» **TASK DIRECTIONS**: Using the records below, write out again exactly the lines that begin at the line containing "Reply in this" and end at the line containing "Horizontal angle of", and no other lines.

» **DATASET EXTRACT**:
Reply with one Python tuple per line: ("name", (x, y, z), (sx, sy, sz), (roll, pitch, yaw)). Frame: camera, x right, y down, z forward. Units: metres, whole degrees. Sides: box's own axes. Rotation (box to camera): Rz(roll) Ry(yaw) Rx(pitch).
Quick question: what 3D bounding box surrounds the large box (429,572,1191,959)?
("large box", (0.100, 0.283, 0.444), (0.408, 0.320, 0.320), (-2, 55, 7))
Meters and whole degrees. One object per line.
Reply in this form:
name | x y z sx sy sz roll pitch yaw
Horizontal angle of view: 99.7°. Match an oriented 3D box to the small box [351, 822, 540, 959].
* * *
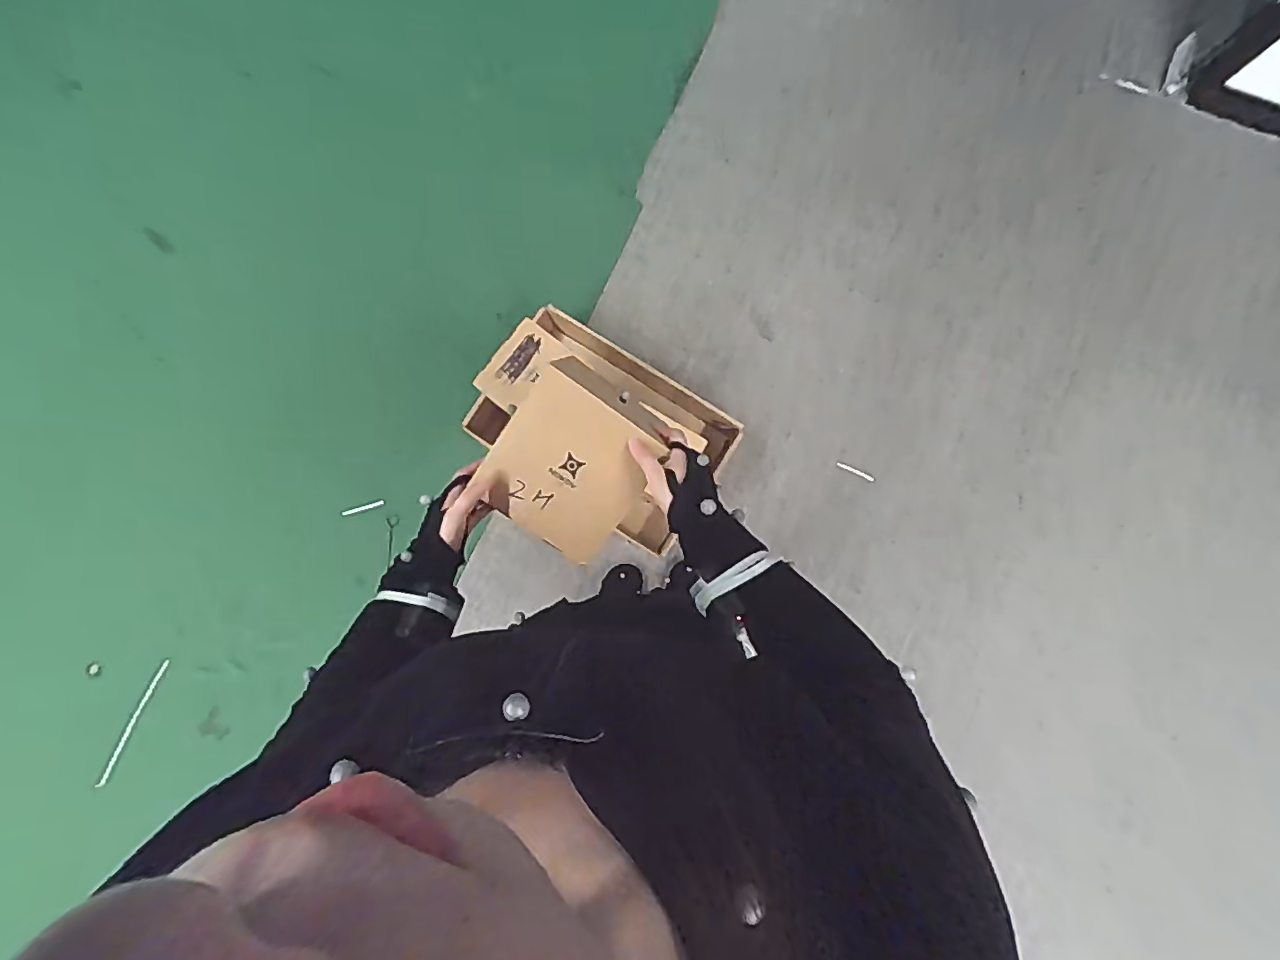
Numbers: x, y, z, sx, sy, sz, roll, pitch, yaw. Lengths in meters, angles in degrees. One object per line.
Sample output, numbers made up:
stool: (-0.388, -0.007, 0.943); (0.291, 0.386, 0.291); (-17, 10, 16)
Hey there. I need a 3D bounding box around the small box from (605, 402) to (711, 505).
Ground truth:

» **TASK SOLUTION**:
Reply in this form:
name | x y z sx sy sz roll pitch yaw
Horizontal angle of view: 99.7°. Match an oriented 3D box to the small box [351, 822, 540, 959].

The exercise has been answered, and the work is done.